LOS ANGELES: For most Oscar nominees, the weeks before the Feb. 22 ceremony are a whirlpool of stress.
But Laura Poitras, up for best documentary for “Citizenfour,” insists it is like going for a healthy walk — compared to what she went through to get here.
When former National Security Agency (NSA) consultant Edward Snowden, who revealed the massive scope of US intelligence surveillance, contacted the filmmaker, she found her life turned into a spy novel.
The most risky time was when she went to meet him in Hong Kong, with journalist Glenn Greenwald, the second person contacted by Snowden.
“I took some extreme precautions,” she said, adding that she had a separate computer which she only consulted from public places.
“I didn’t carry a cell phone for a year after I started reporting because I didn’t want it to start broadcasting my location,” she told AFP in an interview in Los Angeles.
It was this period that is recounted in “Citizenfour,” a title which refers to the pseudonym Snowden used when he contacted her.
Poitras has already won a series of prizes for “Citizenfour,” including a Bafta for best documentary. An Oscar, though, would “get more attention around this issue, surveillance,” she said.

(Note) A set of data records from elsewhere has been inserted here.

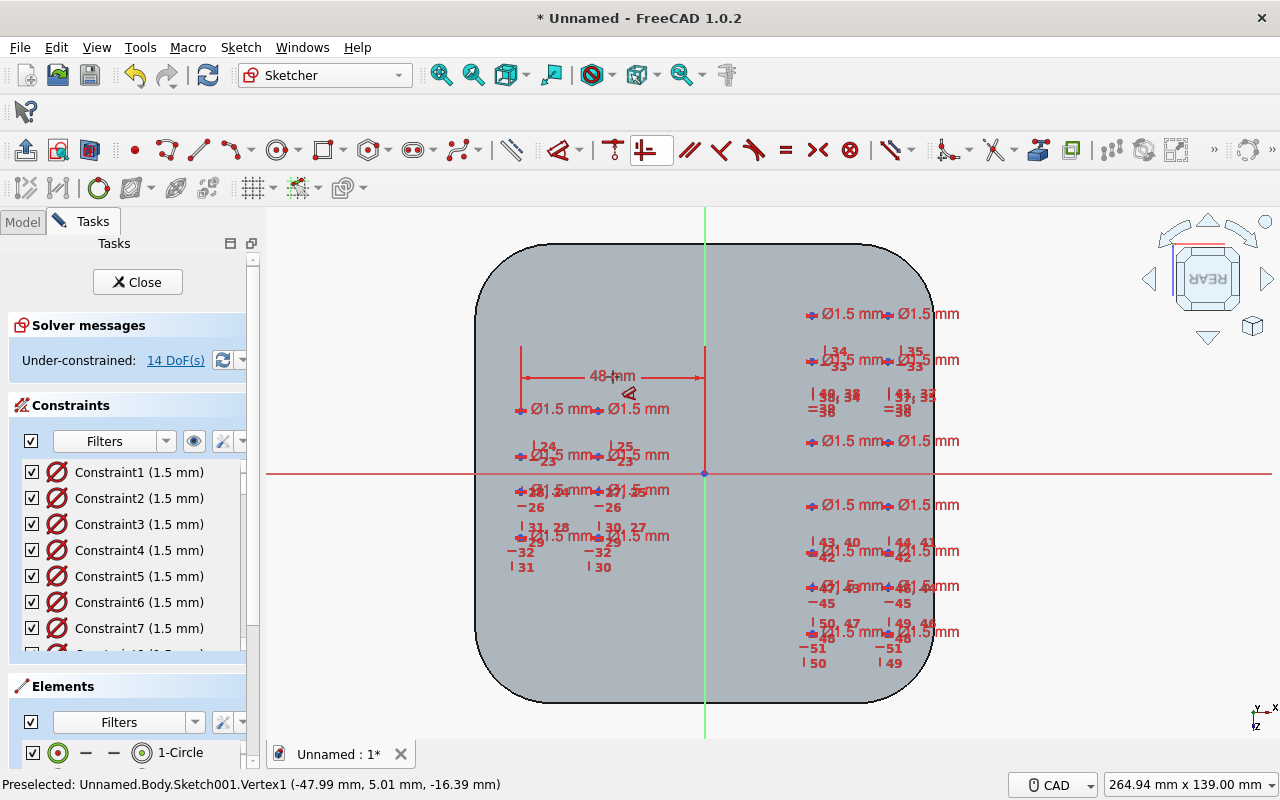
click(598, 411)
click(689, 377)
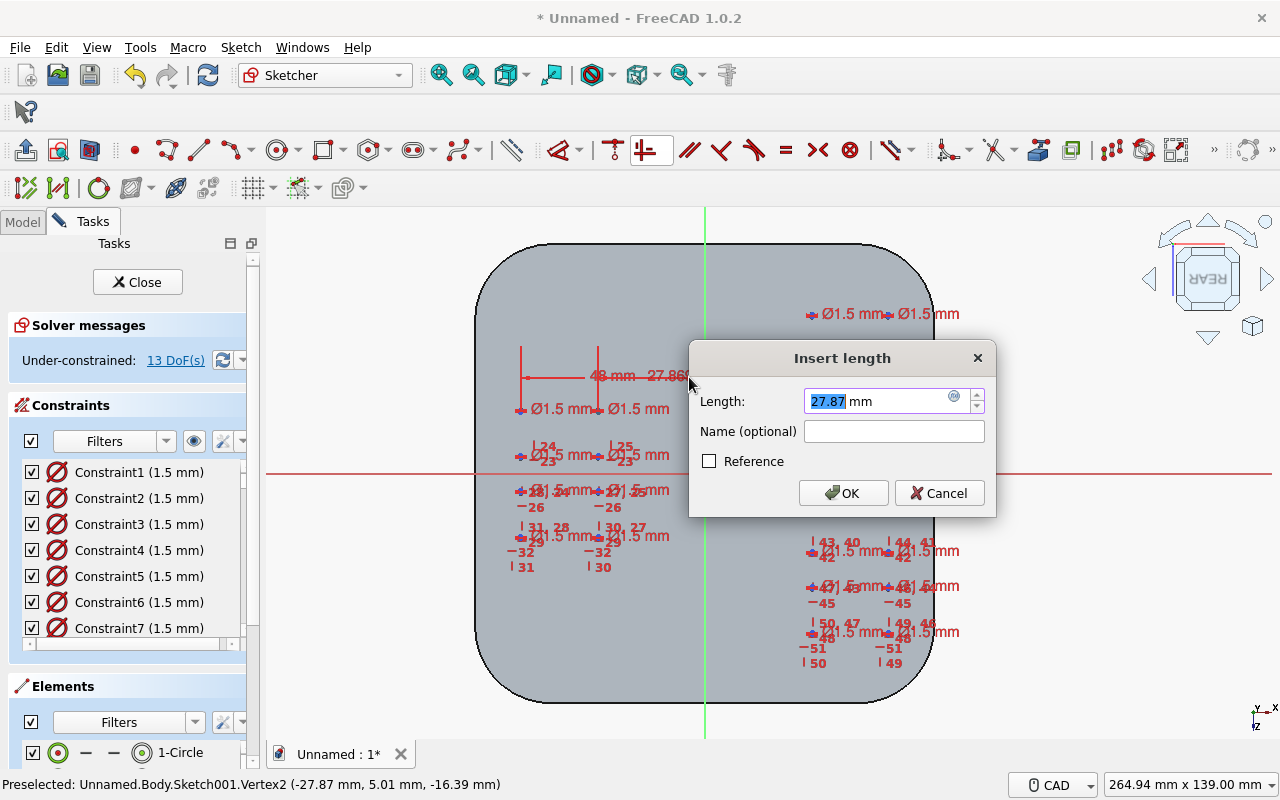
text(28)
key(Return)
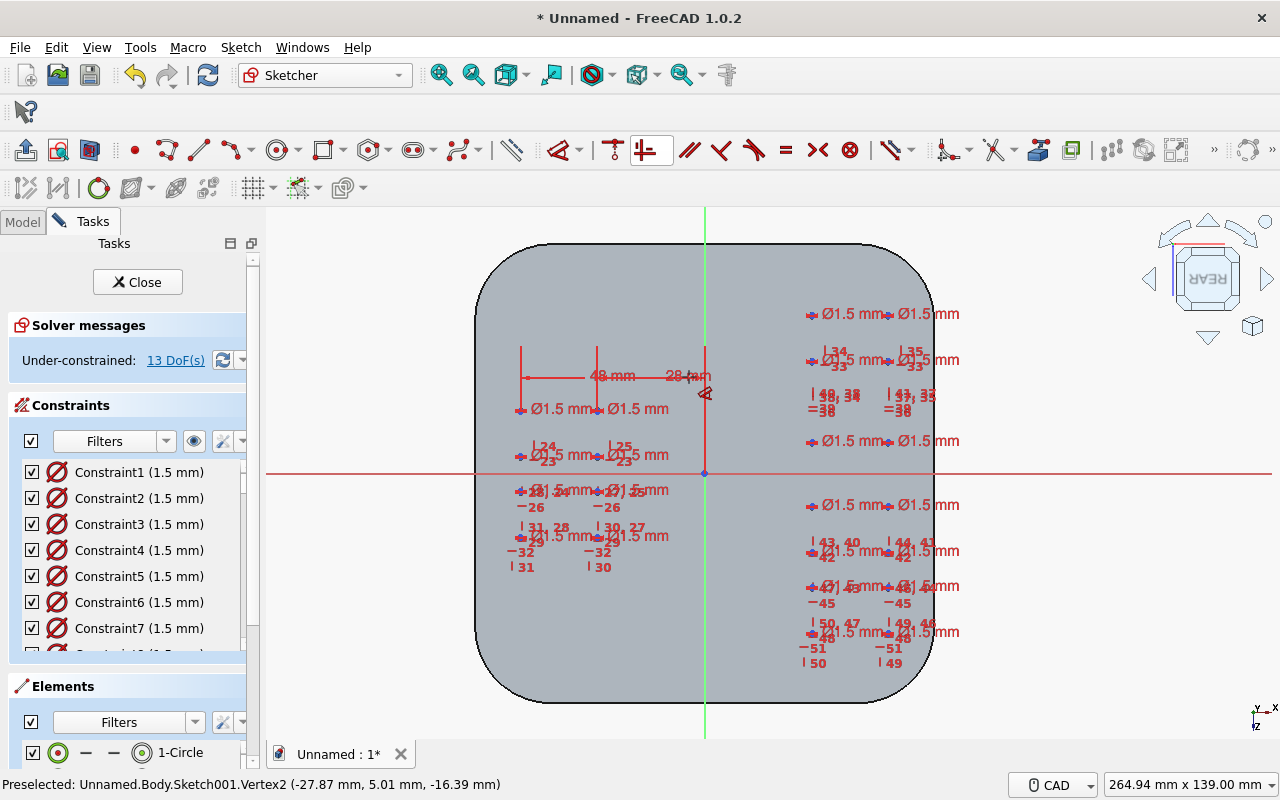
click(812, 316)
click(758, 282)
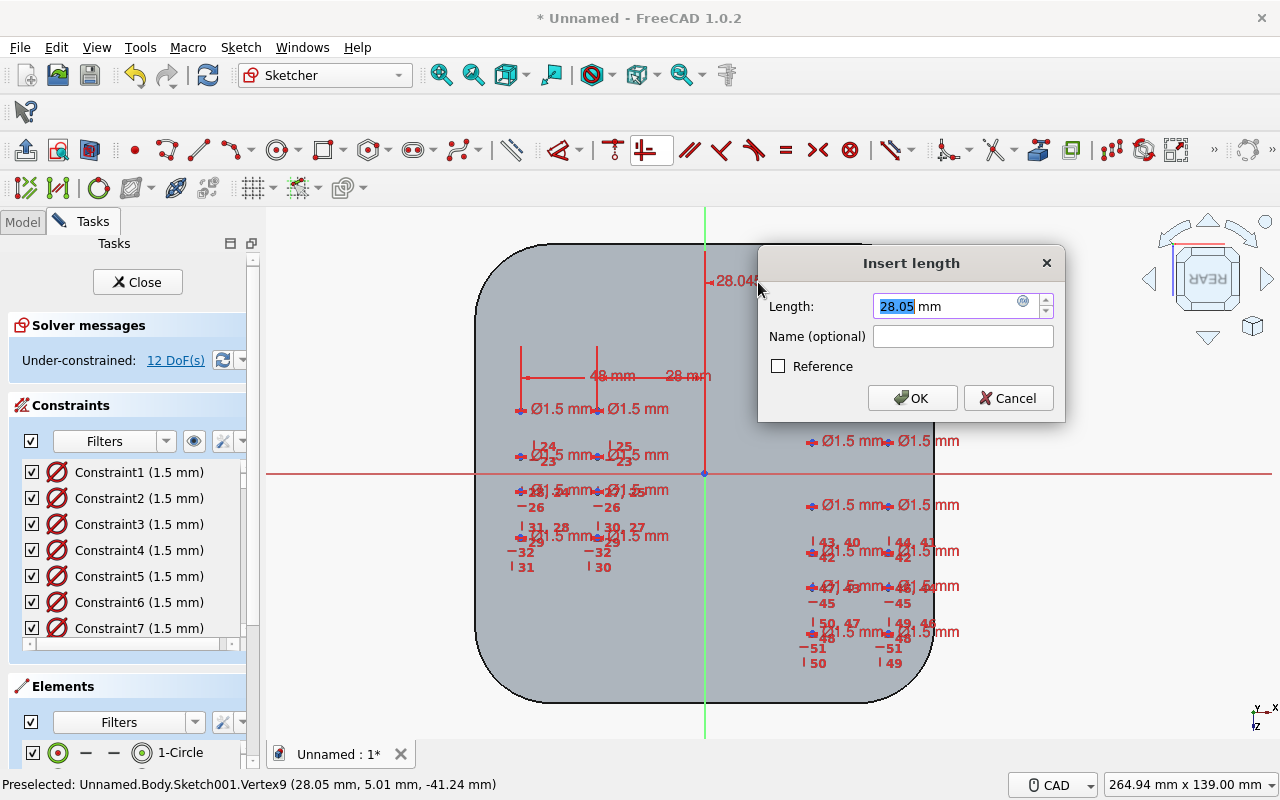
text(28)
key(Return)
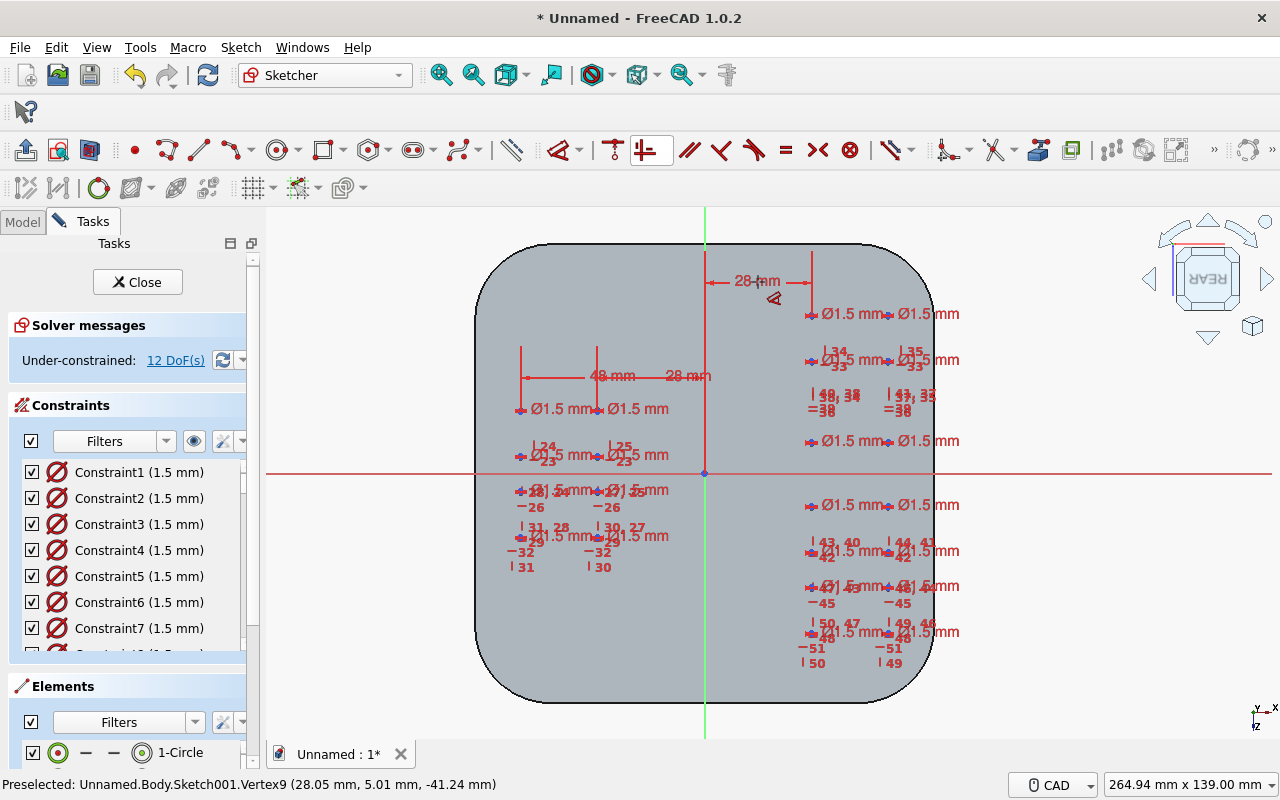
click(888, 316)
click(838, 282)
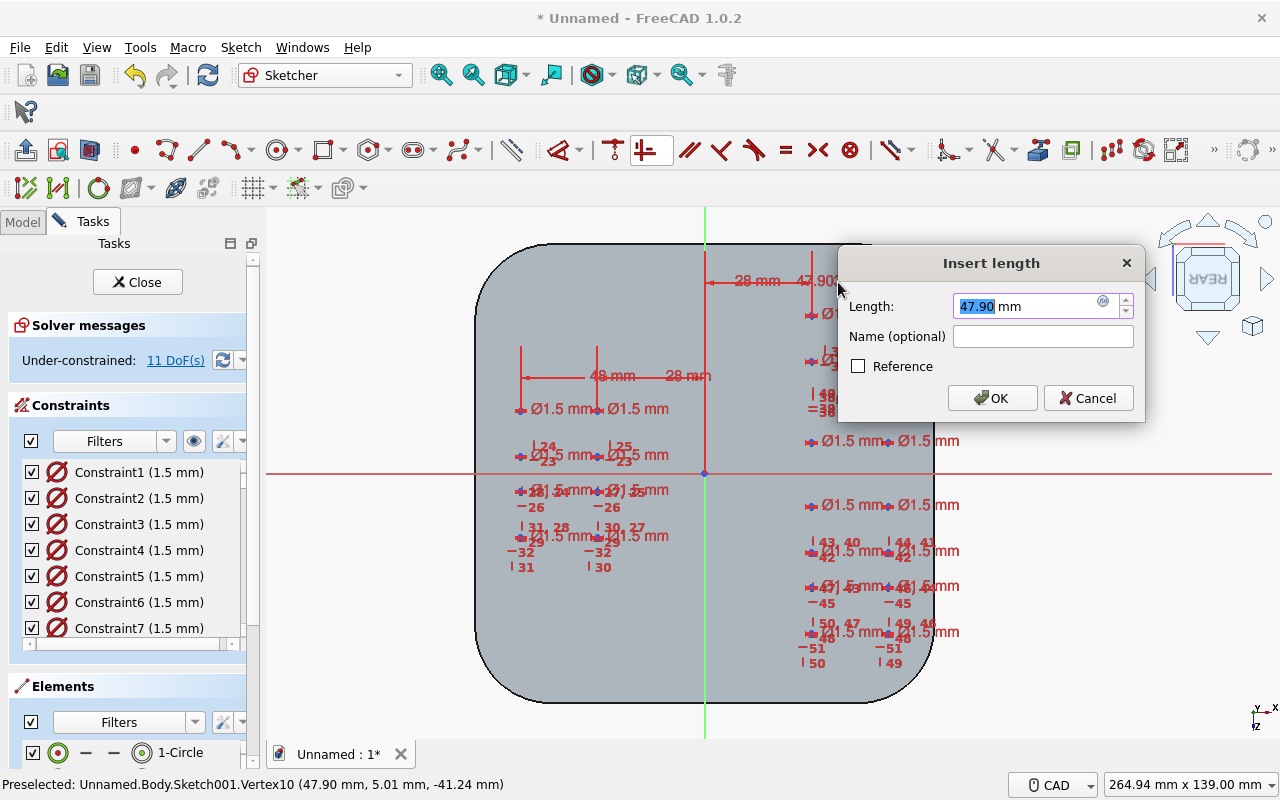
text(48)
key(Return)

She believes that Snowden’s revelations, which won Pulitzer prizes for the Guardian and Washington Post journalists who reported them, helped to boost “awareness of what the government is doing to collect information... and the risk they are posing.
“People are using more encryption. Google is using more encryption of their servers. People are probably more careful with their information,” she said.
Above all, the revelations have underlined that “intelligence agencies become out of control and are expanding at a faster pace than laws that regulate them,” she said.
It notably shows Snowden explaining the so-called Prism US spy system, which monitors NSA data and communications, to Poitras, Greenwald and Guardian journalist Ewen MacAskill.
Snowden remains wanted by the United States, and lives in Moscow.